The play — despite its grand title, breath-taking setting and fascinating theme — is a muddle and can’t decide if it’s a comedy or a magnificent moral tale. In the event, it falls short of both.
Not that there isn’t much to like. Jon Bausor’s glittering ski slope under brooding Alpine peaks, for one, provokes a rush of excitement as you enter the theatre and is a reminder throughout of the glorious power of nature and its humbling effect on the human mind.
Rory Kinnear, exhibiting his easy, unclouded rapport with any audience, effortlessly commands our attention as main man, Tomas, while Sule Rimi and Siena Kelly light up the stage as comedy supporting duo.
The drama, itself, raises profound questions about how well we know ourselves and what insecurities and unacknowledged weaknesses shape our behaviour.
When an avalanche — frighteningly created on stage through sound and profuse dry ice — seems to engulf Tomas and his family as they bicker on the piste, we are invited to consider how little any of us know about how we will respond in moments of danger.
How Tomas responds becomes the driver of the play and it is very much the male rather than female sex that is the subject of scrutiny.
But the script is uneven and the characters unrealised.
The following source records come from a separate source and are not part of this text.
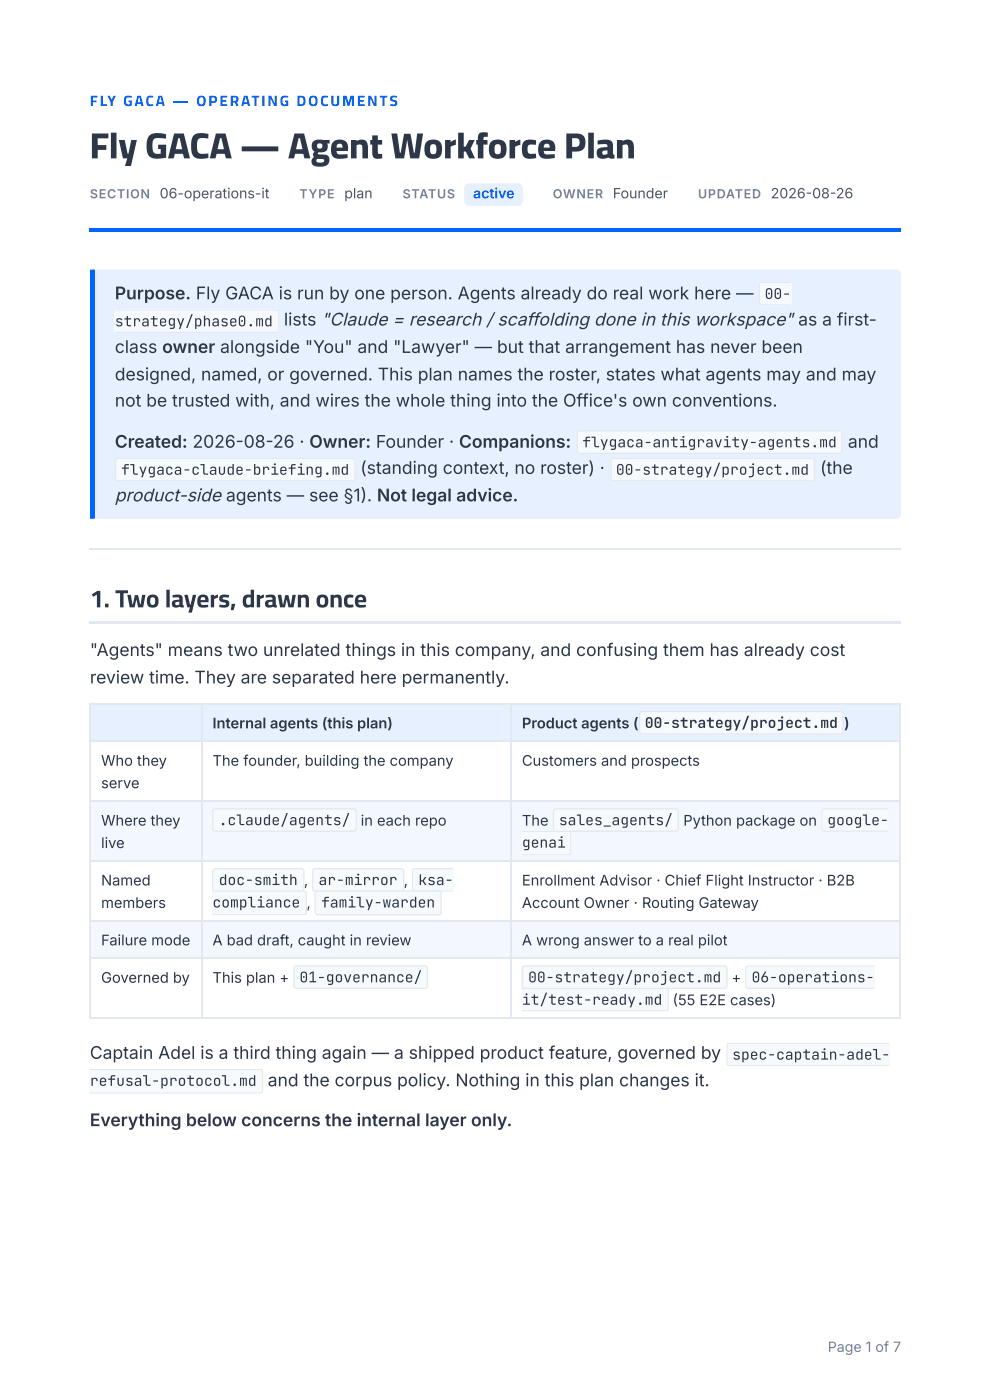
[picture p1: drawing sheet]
<svg xmlns="http://www.w3.org/2000/svg" width="210mm" height="297mm" viewBox="0 0 210 297" stroke-linecap="round" stroke-linejoin="round" font-family="sans-serif">
<defs><g id="words">
<text font-size="7.8" fill="#2d3748" x="19" y="33.6">Fly GACA — Agent Workforce Plan</text>
<text font-size="5.3" fill="#2d3748" x="19" y="128.9">1. Two layers, drawn once</text>
<text font-size="3.8" fill="#2d3748" x="24.3" y="106.4">product-side agents — see §1). Not legal advice.</text>
<g font-size="3.7" fill="#2d3748">
<text x="24.3" y="63.5">Purpose. Fly GACA is run by one person. Agents already do real work here —</text>
<text x="60.2" y="69.1">lists &quot;Claude = research / scaffolding done in this workspace&quot; as a first-</text>
<text x="24.3" y="74.9">class owner alongside &quot;You&quot; and &quot;Lawyer&quot; — but that arrangement has never been</text>
<text x="24.3" y="80.7">designed, named, or governed. This plan names the roster, states what agents may and may</text>
<text x="24.3" y="86.3">not be trusted with, and wires the whole thing into the Office's own conventions.</text>
<text x="24.3" y="95">Created: 2026-08-26 · Owner: Founder · Companions:</text>
<text x="179.8" y="95">and</text>
<text x="76.4" y="100.5">(standing context, no roster) ·</text>
<text x="173.9" y="100.5">(the</text>
<text x="19" y="139.2">&quot;Agents&quot; means two unrelated things in this company, and confusing them has already cost</text>
<text x="19" y="145">review time. They are separated here permanently.</text>
<text x="19" y="224.6">Captain Adel is a third thing again — a shipped product feature, governed by</text>
<text x="56.8" y="230.5">and the corpus policy. Nothing in this plan changes it.</text>
<text x="19" y="238.9">Everything below concerns the internal layer only.</text>
</g>
<text font-size="3.2" fill="#06f" x="19" y="22.5">FLY GACA — OPERATING DOCUMENTS</text>
<g font-size="3.1" fill="#2d3748">
<text x="162.1" y="63.4">00-</text>
<text x="24.3" y="69.2">strategy/phase0.md</text>
<text x="123.4" y="94.9">flygaca-antigravity-agents.md</text>
<text x="25.7" y="100.7">flygaca-claude-briefing.md</text>
<text x="130.6" y="100.7">00-strategy/project.md</text>
<text x="45" y="154.5">Internal agents (this plan)</text>
<text x="110.6" y="154.5">Product agents (</text>
<text x="136.7" y="154.4">00-strategy/project.md</text>
<text x="178.9" y="154.5">)</text>
<text x="21.4" y="162.5">Who they</text>
<text x="21.4" y="167.2">serve</text>
<text x="45" y="162.5">The founder, building the company</text>
<text x="110.6" y="162.5">Customers and prospects</text>
<text x="21.4" y="175.2">Where they</text>
<text x="21.4" y="179.9">live</text>
<text x="46.4" y="175.1">.claude/agents/</text>
<text x="76.5" y="175.2">in each repo</text>
<text x="110.6" y="175.2">The</text>
<text x="110.6" y="179.8">genai</text>
<text x="118.5" y="175.1">sales_agents/</text>
<text x="144.9" y="175.2">Python package on</text>
<text x="175.4" y="175.1">google-</text>
<text x="21.4" y="187.9">Named</text>
<text x="46.4" y="187.8">doc-smith</text>
<text x="64.4" y="187.9">,</text>
<text x="67.5" y="187.8">ar-mirror</text>
<text x="85.6" y="187.9">,</text>
<text x="88.7" y="187.8">ksa-</text>
<text x="110.6" y="187.9">Enrollment Advisor · Chief Flight Instructor · B2B</text>
<text x="21.4" y="192.6">members</text>
<text x="45" y="192.5">compliance</text>
<text x="65" y="192.6">,</text>
<text x="68.1" y="192.5">family-warden</text>
<text x="110.6" y="192.6">Account Owner · Routing Gateway</text>
<text x="21.4" y="200.6">Failure mode</text>
<text x="45" y="200.6">A bad draft, caught in review</text>
<text x="110.6" y="200.6">A wrong answer to a real pilot</text>
<text x="21.4" y="208.5">Governed by</text>
<text x="45" y="208.5">This plan +</text>
<text x="63.5" y="208.4">01-governance/</text>
<text x="112" y="208.4">00-strategy/project.md</text>
<text x="155.1" y="208.5">+</text>
<text x="159.3" y="208.4">06-operations-</text>
<text x="110.6" y="213.2">it/test-ready.md</text>
<text x="142.6" y="213.3">(55 E2E cases)</text>
<text x="155.2" y="224.8">spec-captain-adel-</text>
<text x="19" y="230.4">refusal-protocol.md</text>
</g>
<text font-size="3" fill="#06f" x="100.3" y="42.1">active</text>
<text font-size="3" fill="#718096" x="175.5" y="286.8">Page 1 of 7</text>
<g font-size="2.6" fill="#718096">
<text x="19" y="42.1">SECTION 06-operations-it</text>
<text x="63.5" y="42.1">TYPE plan</text>
<text x="85.3" y="42.1">STATUS</text>
<text x="117.2" y="42.1">OWNER Founder</text>
<text x="148" y="42.1">UPDATED 2026-08-26</text>
</g>
</g></defs>
<path d="M19 48.4h172v.8h-172z" fill="#06f"/>
<path d="M19.6 57.2h170.4a1.01 1.01 0 0 1 1 1v50.8a1.01 1.01 0 0 1-1 1.1h-170.4z" fill="#e6f0ff"/>
<path d="M19 57.2h1.1v52.9h-1.1z" fill="#06f"/>
<path d="M19 116.5h172" fill="none" stroke="#e2e8f0" stroke-width=".26"/>
<path d="M19 131.8h172v.5h-172z" fill="#e2e8f0"/>
<g fill="#e6f0ff">
<path d="M19.3 149.5h23.6v7.9h-23.6z"/>
<path d="M42.9 149.5h65.6v7.9h-65.6z"/>
<path d="M108.5 149.5h82.5v7.9h-82.5z"/>
</g>
<g fill="#f3f8ff">
<path d="M19.3 170.1h23.6v12.7h-23.6z"/>
<path d="M42.9 170.1h65.6v12.7h-65.6z"/>
<path d="M108.5 170.1h82.5v12.7h-82.5z"/>
<path d="M19.3 195.5h23.6v8h-23.6z"/>
<path d="M42.9 195.5h65.6v8h-65.6z"/>
<path d="M108.5 195.5h82.5v8h-82.5z"/>
</g>
<path d="M19 149.4h172M19 157.3h172M19.2 149.2v67M42.7 149.2v67M108.3 149.2v67M19 170h172M19 182.7h172M19 195.4h172M19 203.3h172M19 216h172" fill="none" stroke="#e2e8f0" stroke-width=".26"/>
<path d="M190.9 149.2v67" fill="none" stroke="#e2e8f0" stroke-width=".24"/>
<path d="M98.7 39.2l.8-.3h10.3a1.06 1.06 0 0 1 1.1 1.1v2.6a1.06 1.06 0 0 1-1.1 1.1h-10.3a1.06 1.06 0 0 1-1.1-1.1v-2.6z" fill="#e6f0ff"/>
<path d="M161.1 60l.5-.2h6.2v5h-6.2a.71 .71 0 0 1-.7-.7v-3.6z" fill="#f7fafc"/>
<g fill="#e2e8f0">
<path d="M160.9 59.8h6.8v.5h-6.8z"/>
<path d="M160.9 64.3h6.8v.5h-6.8z"/>
<path d="M160.9 59.8h.5v5h-.5z"/>
</g>
<path d="M24.3 65.6h34.3a.71 .71 0 0 1 .7 .7v3.6a.71 .71 0 0 1-.7 .7h-34.3z" fill="#f7fafc"/>
<g fill="#e2e8f0">
<path d="M24.3 65.6h35v.6h-35z"/>
<path d="M24.3 70.1h35v.5h-35z"/>
<path d="M58.7 65.6h.6v5h-.6z"/>
</g>
<path d="M122.4 91.5l.5-.2h55a.71 .71 0 0 1 .7 .7v3.6a.71 .71 0 0 1-.7 .7h-55a.71 .71 0 0 1-.7-.7v-3.6z" fill="#f7fafc"/>
<path d="M122.5 91.6l.4-.2h55a.57 .57 0 0 1 .6 .6v3.6a.57 .57 0 0 1-.6 .6h-55a.57 .57 0 0 1-.5-.6v-3.6z" fill="none" stroke="#e2e8f0" stroke-width=".26"/>
<path d="M24.5 97.3l.5-.2h49.7a.71 .71 0 0 1 .7 .7v3.6a.71 .71 0 0 1-.7 .7h-49.7a.71 .71 0 0 1-.7-.7v-3.6z" fill="#f7fafc"/>
<path d="M24.6 97.4l.4-.2h49.7a.57 .57 0 0 1 .6 .6v3.6a.57 .57 0 0 1-.6 .6h-49.7a.57 .57 0 0 1-.5-.6v-3.6z" fill="none" stroke="#e2e8f0" stroke-width=".26"/>
<path d="M129.6 97.3l.5-.2h42a.71 .71 0 0 1 .7 .7v3.6a.71 .71 0 0 1-.7 .7h-42a.71 .71 0 0 1-.7-.7v-3.6z" fill="#f7fafc"/>
<path d="M129.7 97.4l.4-.2h42a.57 .57 0 0 1 .5 .6v3.6a.57 .57 0 0 1-.5 .6h-42a.57 .57 0 0 1-.6-.6v-3.6z" fill="none" stroke="#e2e8f0" stroke-width=".26"/>
<path d="M135.7 151l.5-.2h42a.71 .71 0 0 1 .7 .7v3.6a.71 .71 0 0 1-.7 .7h-42a.71 .71 0 0 1-.7-.7v-3.6z" fill="#f7fafc"/>
<path d="M135.8 151.1l.4-.2h42a.57 .57 0 0 1 .5 .6v3.6a.57 .57 0 0 1-.5 .6h-42a.57 .57 0 0 1-.6-.6v-3.6z" fill="none" stroke="#e2e8f0" stroke-width=".26"/>
<path d="M45.2 171.7l.5-.3h29.3a.71 .71 0 0 1 .7 .8v3.6a.71 .71 0 0 1-.7 .7h-29.3a.71 .71 0 0 1-.7-.7v-3.6z" fill="#f7fafc"/>
<path d="M45.3 171.8l.4-.2h29.3a.57 .57 0 0 1 .5 .6v3.6a.57 .57 0 0 1-.5 .5h-29.3a.57 .57 0 0 1-.6-.5v-3.6z" fill="none" stroke="#e2e8f0" stroke-width=".26"/>
<path d="M117.4 171.7l.5-.3h25.3a.71 .71 0 0 1 .7 .8v3.6a.71 .71 0 0 1-.7 .7h-25.3a.71 .71 0 0 1-.7-.7v-3.6z" fill="#f7fafc"/>
<path d="M117.5 171.8l.4-.2h25.3a.57 .57 0 0 1 .6 .6v3.6a.57 .57 0 0 1-.6 .5h-25.3a.57 .57 0 0 1-.6-.5v-3.6z" fill="none" stroke="#e2e8f0" stroke-width=".26"/>
<path d="M174.3 171.7l.5-.3h13.6v5.1h-13.6a.71 .71 0 0 1-.7-.7v-3.6z" fill="#f7fafc"/>
<g fill="#e2e8f0">
<path d="M174.1 171.4h14.3v.6h-14.3z"/>
<path d="M174.1 175.9h14.3v.6h-14.3z"/>
<path d="M174.1 171.4h.5v5.1h-.5z"/>
</g>
<path d="M110.5 176.2h10a.71 .71 0 0 1 .7 .7v3.9a.71 .71 0 0 1-.7 .7h-10z" fill="#f7fafc"/>
<g fill="#e2e8f0">
<path d="M110.6 176.2h10.6v.5h-10.6z"/>
<path d="M110.6 181h10.6v.5h-10.6z"/>
<path d="M120.6 176.2h.6v5.3h-.6z"/>
</g>
<path d="M45.2 184.4l.5-.3h18.2a.71 .71 0 0 1 .7 .8v3.6a.71 .71 0 0 1-.7 .7h-18.2a.71 .71 0 0 1-.7-.7v-3.6z" fill="#f7fafc"/>
<path d="M45.3 184.5l.4-.2h18.2a.57 .57 0 0 1 .5 .6v3.6a.57 .57 0 0 1-.5 .5h-18.2a.57 .57 0 0 1-.6-.5v-3.6z" fill="none" stroke="#e2e8f0" stroke-width=".26"/>
<path d="M66.4 184.4l.5-.3h18.1a.71 .71 0 0 1 .7 .8v3.6a.71 .71 0 0 1-.7 .7h-18.1a.71 .71 0 0 1-.8-.7v-3.6z" fill="#f7fafc"/>
<path d="M66.4 184.5l.5-.2h18.1a.57 .57 0 0 1 .6 .6v3.6a.57 .57 0 0 1-.6 .5h-18.1a.57 .57 0 0 1-.6-.5v-3.6z" fill="none" stroke="#e2e8f0" stroke-width=".26"/>
<path d="M87.5 184.4l.5-.3h8.1v5.1h-8.1a.71 .71 0 0 1-.7-.7v-3.6z" fill="#f7fafc"/>
<g fill="#e2e8f0">
<path d="M87.3 184.1h8.7v.6h-8.7z"/>
<path d="M87.3 188.6h8.7v.6h-8.7z"/>
<path d="M87.3 184.1h.5v5.1h-.5z"/>
</g>
<path d="M44.9 188.9h19.5a.71 .71 0 0 1 .7 .7v3.9a.71 .71 0 0 1-.7 .7h-19.5z" fill="#f7fafc"/>
<g fill="#e2e8f0">
<path d="M45 188.9h20.1v.5h-20.1z"/>
<path d="M45 193.7h20.1v.5h-20.1z"/>
<path d="M64.6 188.9h.5v5.3h-.5z"/>
</g>
<path d="M66.9 189.1l.5-.2h25.6a.71 .71 0 0 1 .7 .7v3.9a.71 .71 0 0 1-.7 .7h-25.6a.71 .71 0 0 1-.7-.7v-3.9z" fill="#f7fafc"/>
<path d="M67 189.2l.4-.2h25.6a.57 .57 0 0 1 .5 .6v3.9a.57 .57 0 0 1-.5 .6h-25.6a.57 .57 0 0 1-.6-.6v-3.9z" fill="none" stroke="#e2e8f0" stroke-width=".26"/>
<path d="M62.4 205l.5-.2h27.1a.71 .71 0 0 1 .8 .7v3.6a.71 .71 0 0 1-.8 .7h-27.1a.71 .71 0 0 1-.7-.7v-3.6z" fill="#f7fafc"/>
<path d="M62.5 205.1l.4-.2h27.1a.57 .57 0 0 1 .6 .6v3.6a.57 .57 0 0 1-.6 .6h-27.1a.57 .57 0 0 1-.6-.6v-3.6z" fill="none" stroke="#e2e8f0" stroke-width=".26"/>
<path d="M110.8 205l.5-.2h42.2a.71 .71 0 0 1 .8 .7v3.6a.71 .71 0 0 1-.8 .7h-42.2a.71 .71 0 0 1-.7-.7v-3.6z" fill="#f7fafc"/>
<path d="M110.9 205.1l.4-.2h42.2a.57 .57 0 0 1 .6 .6v3.6a.57 .57 0 0 1-.6 .6h-42.2a.57 .57 0 0 1-.6-.6v-3.6z" fill="none" stroke="#e2e8f0" stroke-width=".26"/>
<path d="M158.2 205l.5-.2h26.8v5h-26.8a.71 .71 0 0 1-.7-.7v-3.6z" fill="#f7fafc"/>
<g fill="#e2e8f0">
<path d="M158 204.8h27.5v.5h-27.5z"/>
<path d="M158 209.3h27.5v.5h-27.5z"/>
<path d="M158 204.8h.5v5h-.5z"/>
</g>
<path d="M110.5 209.5h30.6a.71 .71 0 0 1 .7 .8v3.6a.71 .71 0 0 1-.7 .7h-30.6z" fill="#f7fafc"/>
<g fill="#e2e8f0">
<path d="M110.6 209.5h31.2v.6h-31.2z"/>
<path d="M110.6 214h31.2v.6h-31.2z"/>
<path d="M141.3 209.5h.5v5.1h-.5z"/>
</g>
<path d="M154.2 221.4l.5-.2h34v5h-34a.71 .71 0 0 1-.7-.7v-3.6z" fill="#f7fafc"/>
<g fill="#e2e8f0">
<path d="M154 221.2h34.6v.5h-34.6z"/>
<path d="M154 225.7h34.6v.5h-34.6z"/>
<path d="M154 221.2h.5v5h-.5z"/>
</g>
<path d="M19 226.7h36.1a.71 .71 0 0 1 .7 .8v3.8a.71 .71 0 0 1-.7 .7h-36.1z" fill="#f7fafc"/>
<g fill="#e2e8f0">
<path d="M19 226.7h36.8v.6h-36.8z"/>
<path d="M19 231.5h36.8v.5h-36.8z"/>
<path d="M55.3 226.7h.5v5.3h-.5z"/>
</g>
<use href="#words"/>
</svg>

The comedy reduces to silliness at times what should be an immersive experience; and the action is so fragmented, and the family unit so conceptual rather than real, that emotional engagement with Tomas’s plight is nigh on impossible, even in the hands of so consummate an actor. And when the play ends, it’s with a whimper.
There are some fine comic lines and the thoughts generated by the theme will almost certainly attract good audiences.
But there is more at stake here, which better developed characters would show.
For instance, through no fault of her own, Lyndsey Marshal’s portrayal of Tomas’s glaringly charmless wife, Ebba, comes across as hard-nosed and uncaring.
Love between husbands and wives and parents and children is spectacularly absent, and the way the women talk disparagingly of their men makes you wonder why the men have anything to do with them at all.
Tomas, we learn, contorts his real self unceasingly in order to bring in the money, support the family and be a reasonable dad.
And when the pressure gets to him, you feel he deserves more kindness and less of the carelessly triumphant ridicule his wife heaps upon him.
Michael Longhurst’s production can easily amuse an audience. But it dodges the heart and betrays the characters. It’s a shame because the central theme could be so powerful.